Fugue und Demenz – Flucht vor dem Stress des Lebens?

Werfen wir, der Einfachheit halber (und dem ICD-10 zum Trotz), einmal Fugue und schwere Demenz in einen Topf. Dann einmal kräftig umrühren und die einzelnen Aspekte in eine fiktive und spekulative Relation zueinander setzen. In meinen subjektiven Augen spiegelt sich jetzt ein grundlegender und dabei durchaus nicht notwendiger Weise bewusster Wunsch,

  • der eigenen Realität zu entfliehen.
  • Nicht mehr am allgemeinen Rattenrennen teilnehmen zu müssen.
  • Aus dem Hamsterrad aussteigen zu können.
  • Sich um nichts mehr Sorgen machen zu müssen.
  • Den lieben Gott bei Tag und Nacht einen guten Mann sein zu lassen.
  • Nichts mehr um die Meinung „der Leute“ geben zu müssen.
  • Alte Fesseln abzuwerfen und alte Ketten zu sprengen.
  • Ohne Sorgen einfach nur behütet und beschützt sein zu dürfen.
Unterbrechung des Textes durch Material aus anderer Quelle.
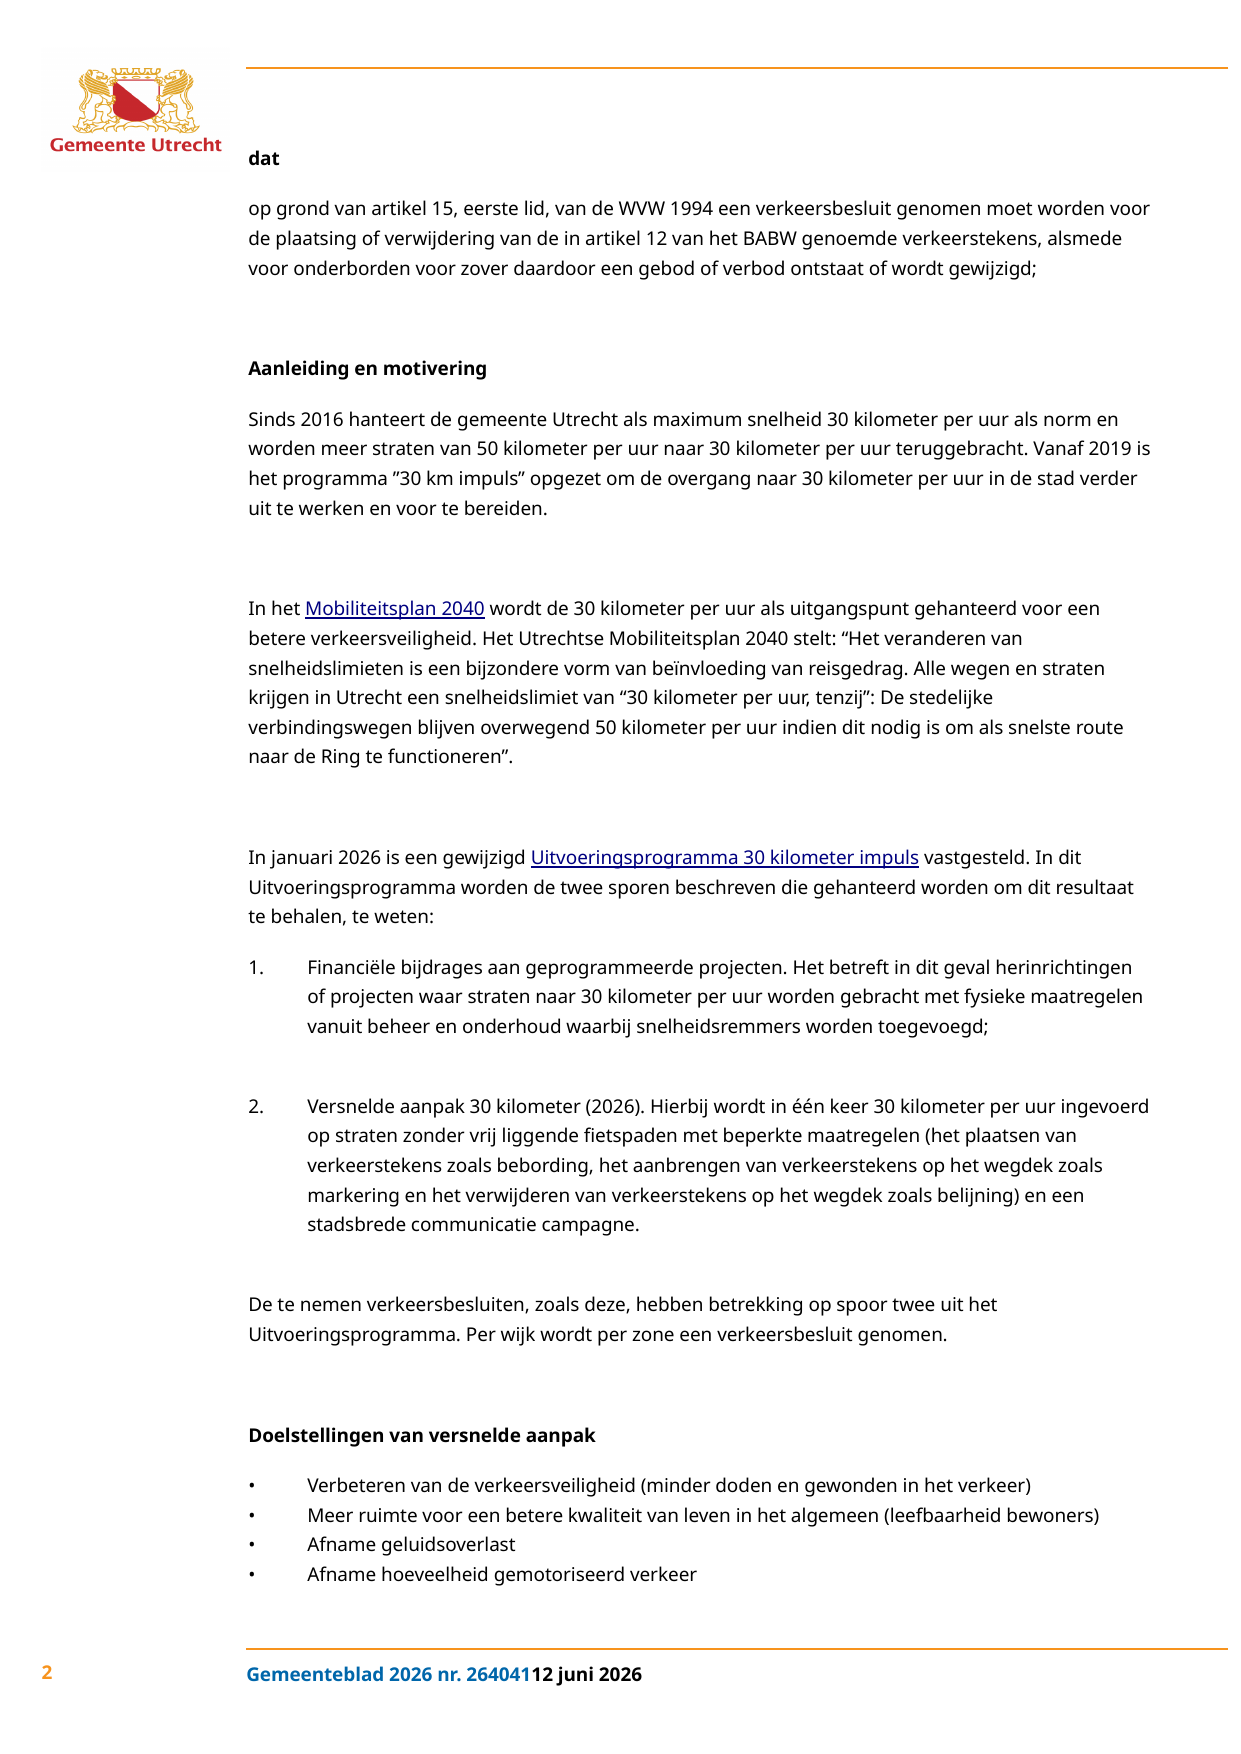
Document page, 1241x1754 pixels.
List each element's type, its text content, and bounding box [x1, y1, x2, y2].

text De te nemen verkeersbesluiten, zoals deze, hebben betrekking op spoor twee uit het Uitvoeringsprogramma. Per wijk wordt per zone een verkeersbesluit genomen. [248, 1291, 1152, 1347]
text In het Mobiliteitsplan 2040 wordt de 30 kilometer per uur als uitgangspunt gehanteerd voor een betere verkeersveiligheid. Het Utrechtse Mobiliteitsplan 2040 stelt: “Het veranderen van snelheidslimieten is een bijzondere vorm van beïnvloeding van reisgedrag. Alle wegen en straten krijgen in Utrecht een snelheidslimiet van “30 kilometer per uur, tenzij”: De stedelijke verbindingswegen blijven overwegend 50 kilometer per uur indien dit nodig is om als snelste route naar de Ring te functioneren”. [248, 596, 1152, 769]
text In januari 2026 is een gewijzigd Uitvoeringsprogramma 30 kilometer impuls vastgesteld. In dit Uitvoeringsprogramma worden de twee sporen beschreven die gehanteerd worden om dit resultaat te behalen, te weten: [248, 844, 1152, 929]
text Doelstellingen van versnelde aanpak [248, 1422, 1152, 1448]
list Versnelde aanpak 30 kilometer (2026). Hierbij wordt in één keer 30 kilometer per uur ingevoerd op straten zonder vrij liggende fietspaden met beperkte maatregelen (het plaatsen van verkeerstekens zoals bebording, het aanbrengen van verkeerstekens op het wegdek zoals markering en het verwijderen van verkeerstekens op het wegdek zoals belijning) en een stadsbrede communicatie campagne. [248, 1093, 1152, 1237]
text Sinds 2016 hanteert de gemeente Utrecht als maximum snelheid 30 kilometer per uur als norm en worden meer straten van 50 kilometer per uur naar 30 kilometer per uur teruggebracht. Vanaf 2019 is het programma ”30 km impuls” opgezet om de overgang naar 30 kilometer per uur in de stad verder uit te werken en voor te bereiden. [248, 406, 1152, 521]
picture [41, 47, 231, 172]
list Meer ruimte voor een betere kwaliteit van leven in het algemeen (leefbaarheid bewoners) [248, 1502, 1152, 1528]
list Afname geluidsoverlast [248, 1531, 1152, 1557]
text op grond van artikel 15, eerste lid, van de WVW 1994 een verkeersbesluit genomen moet worden voor de plaatsing of verwijdering van de in artikel 12 van het BABW genoemde verkeerstekens, alsmede voor onderborden voor zover daardoor een gebod of verbod ontstaat of wordt gewijzigd; [248, 196, 1152, 281]
list Financiële bijdrages aan geprogrammeerde projecten. Het betreft in dit geval herinrichtingen of projecten waar straten naar 30 kilometer per uur worden gebracht met fysieke maatregelen vanuit beheer en onderhoud waarbij snelheidsremmers worden toegevoegd; [248, 954, 1152, 1039]
text dat [248, 145, 1152, 171]
list Verbeteren van de verkeersveiligheid (minder doden en gewonden in het verkeer) [248, 1472, 1152, 1498]
text Aanleiding en motivering [248, 356, 1152, 381]
list Afname hoeveelheid gemotoriseerd verkeer [248, 1561, 1152, 1587]
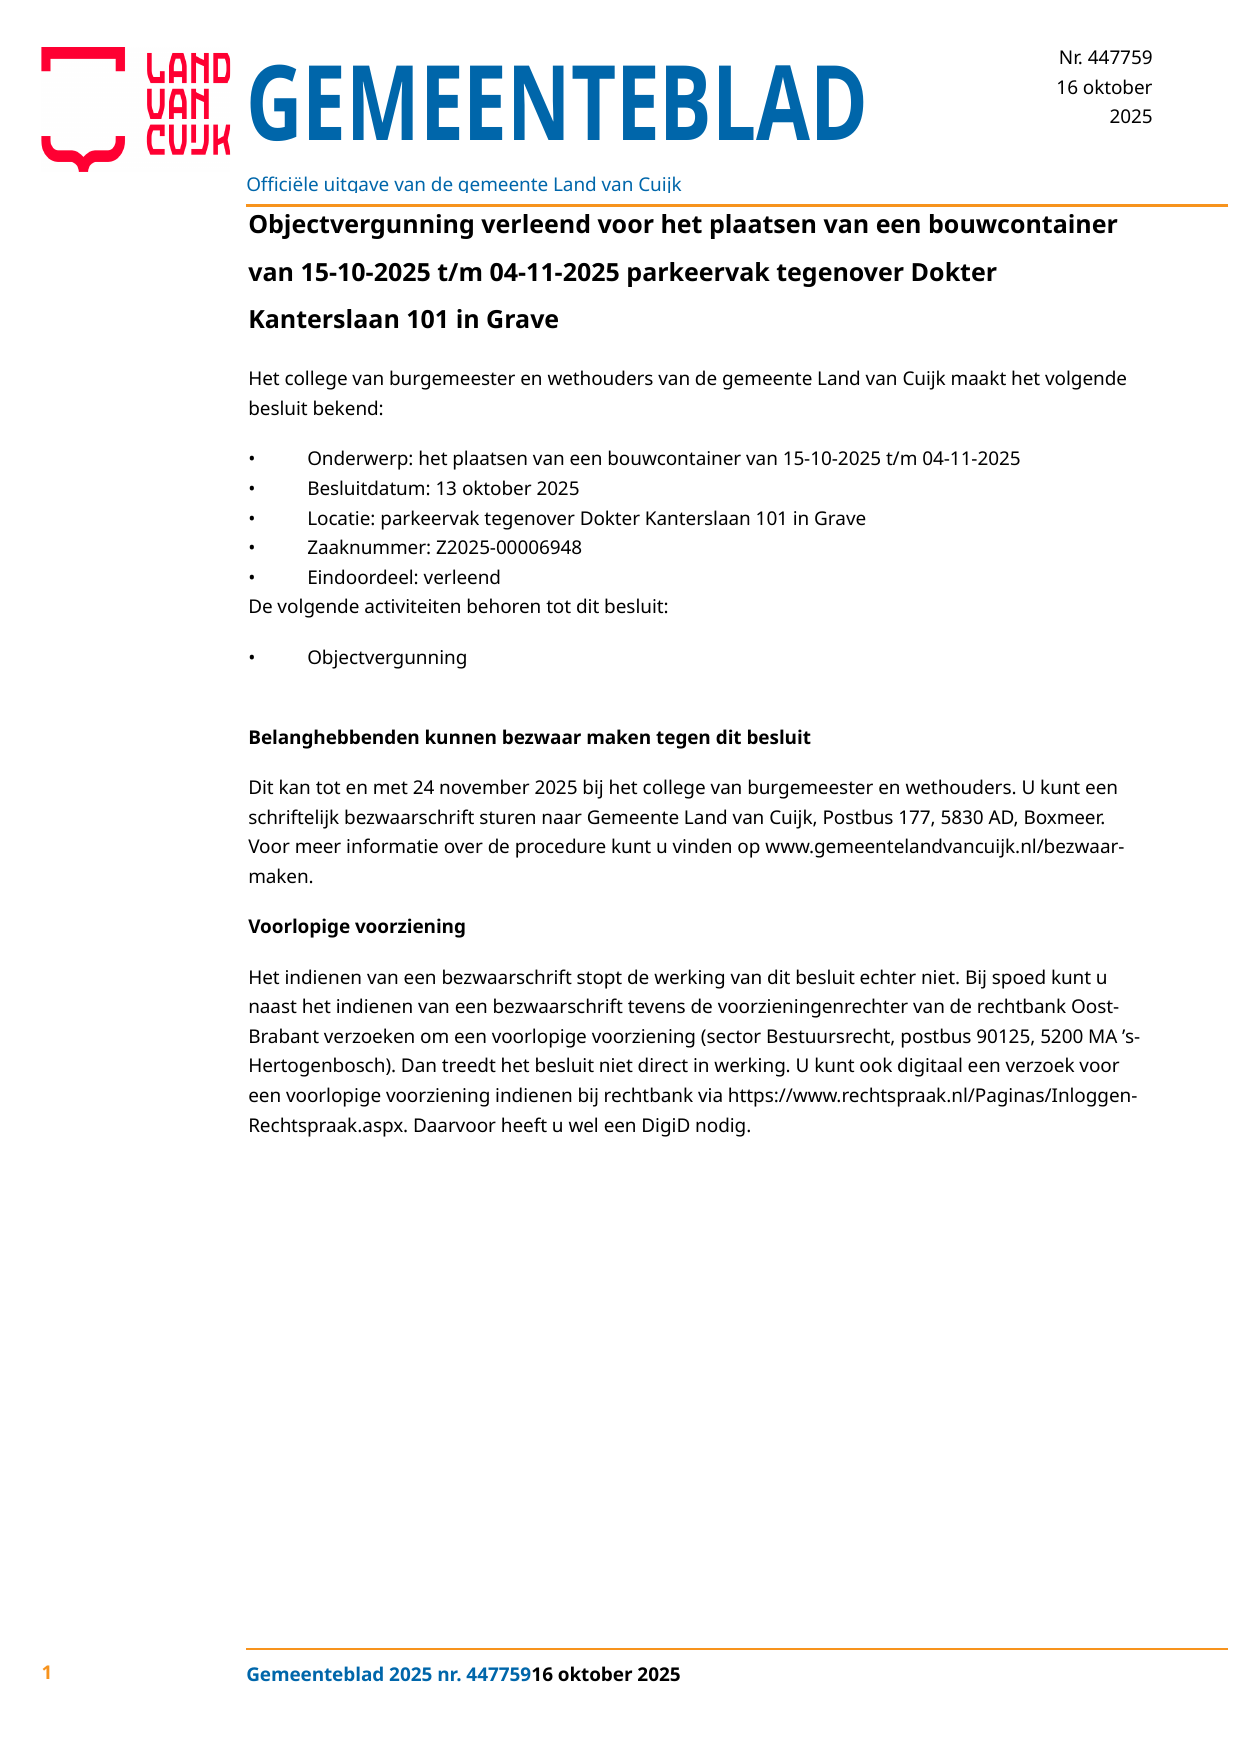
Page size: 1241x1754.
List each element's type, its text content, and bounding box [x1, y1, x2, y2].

text Het indienen van een bezwaarschrift stopt de werking van dit besluit echter niet. Bij spoed kunt u naast het indienen van een bezwaarschrift tevens de voorzieningenrechter van de rechtbank Oost-Brabant verzoeken om een voorlopige voorziening (sector Bestuursrecht, postbus 90125, 5200 MA ’s-Hertogenbosch). Dan treedt het besluit niet direct in werking. U kunt ook digitaal een verzoek voor een voorlopige voorziening indienen bij rechtbank via https://www.rechtspraak.nl/Paginas/Inloggen-Rechtspraak.aspx. Daarvoor heeft u wel een DigiD nodig. [248, 964, 1152, 1137]
list Eindoordeel: verleend [248, 564, 1152, 589]
list Besluitdatum: 13 oktober 2025 [248, 475, 1152, 501]
list Locatie: parkeervak tegenover Dokter Kanterslaan 101 in Grave [248, 505, 1152, 530]
picture [41, 47, 231, 172]
list Onderwerp: het plaatsen van een bouwcontainer van 15-10-2025 t/m 04-11-2025 [248, 446, 1152, 471]
text Belanghebbenden kunnen bezwaar maken tegen dit besluit [248, 724, 1152, 749]
text De volgende activiteiten behoren tot dit besluit: [248, 593, 1152, 619]
text Het college van burgemeester en wethouders van de gemeente Land van Cuijk maakt het volgende besluit bekend: [248, 366, 1152, 421]
text Dit kan tot en met 24 november 2025 bij het college van burgemeester en wethouders. U kunt een schriftelijk bezwaarschrift sturen naar Gemeente Land van Cuijk, Postbus 177, 5830 AD, Boxmeer. Voor meer informatie over de procedure kunt u vinden op www.gemeentelandvancuijk.nl/bezwaar-maken. [248, 774, 1152, 889]
text Voorlopige voorziening [248, 913, 1152, 939]
list Zaaknummer: Z2025-00006948 [248, 534, 1152, 560]
list Objectvergunning [248, 644, 1152, 669]
text Objectvergunning verleend voor het plaatsen van een bouwcontainer van 15-10-2025 t/m 04-11-2025 parkeervak tegenover Dokter Kanterslaan 101 in Grave [248, 207, 1152, 336]
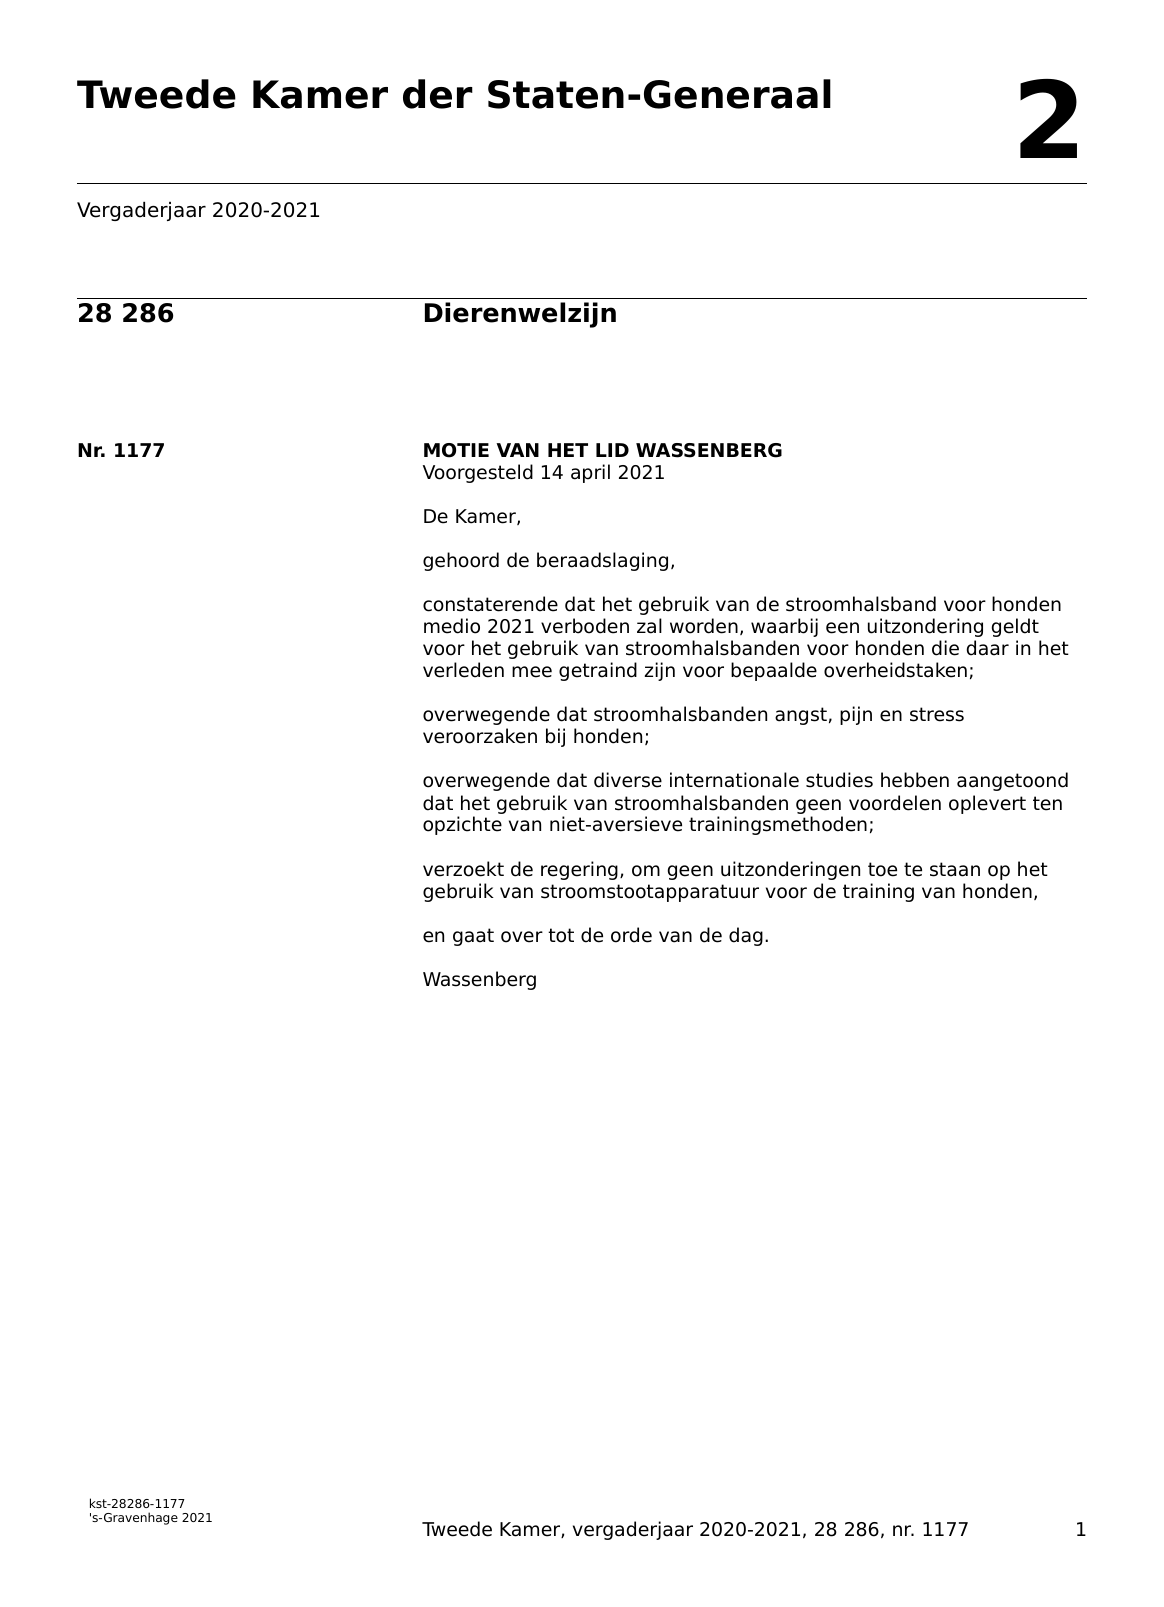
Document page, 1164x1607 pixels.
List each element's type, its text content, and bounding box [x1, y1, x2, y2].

text overwegende dat diverse internationale studies hebben aangetoond dat het gebruik van stroomhalsbanden geen voordelen oplevert ten opzichte van niet-aversieve trainingsmethoden; [422, 770, 1087, 836]
text De Kamer, [422, 506, 1087, 528]
text Voorgesteld 14 april 2021 [422, 462, 1087, 484]
text 's-Gravenhage 2021 [88, 1511, 323, 1525]
text verzoekt de regering, om geen uitzonderingen toe te staan op het gebruik van stroomstootapparatuur voor de training van honden, [422, 858, 1087, 902]
subtitle 28 286 Dierenwelzijn [77, 299, 1087, 329]
text gehoord de beraadslaging, [422, 550, 1087, 572]
table_cell Vergaderjaar 2020-2021 [77, 184, 1087, 298]
text kst-28286-1177 [88, 1497, 323, 1511]
text constaterende dat het gebruik van de stroomhalsband voor honden medio 2021 verboden zal worden, waarbij een uitzondering geldt voor het gebruik van stroomhalsbanden voor honden die daar in het verleden mee getraind zijn voor bepaalde overheidstaken; [422, 594, 1087, 682]
text overwegende dat stroomhalsbanden angst, pijn en stress veroorzaken bij honden; [422, 704, 1087, 748]
text Wassenberg [422, 969, 1087, 991]
text en gaat over tot de orde van de dag. [422, 925, 1087, 947]
table_header 2 [886, 59, 1087, 183]
subtitle Nr. 1177 MOTIE VAN HET LID WASSENBERG [77, 440, 1087, 462]
table_header Tweede Kamer der Staten-Generaal [77, 59, 886, 183]

Klingt doch irgendwie verlockend, nicht wahr? Wir alle, die wir in der hektischen Gegenwart unserer auf Tempo, Äußerlichkeiten und Eitelkeiten getrimmten Hochleistungsgesellschaft pausenlos perfekt funktionieren müssen, wären bestimmt ab und dann auch gerne mal ein bisschen Fugue. Oder ein bisschen dement bei optimaler Rundum-Betreuung. Was mich jetzt irgendwie mental zum Thema „Cannabis als am weitesten verbreitete illegale Droge“ bringt. Doch ich will jetzt nicht abschweifen ?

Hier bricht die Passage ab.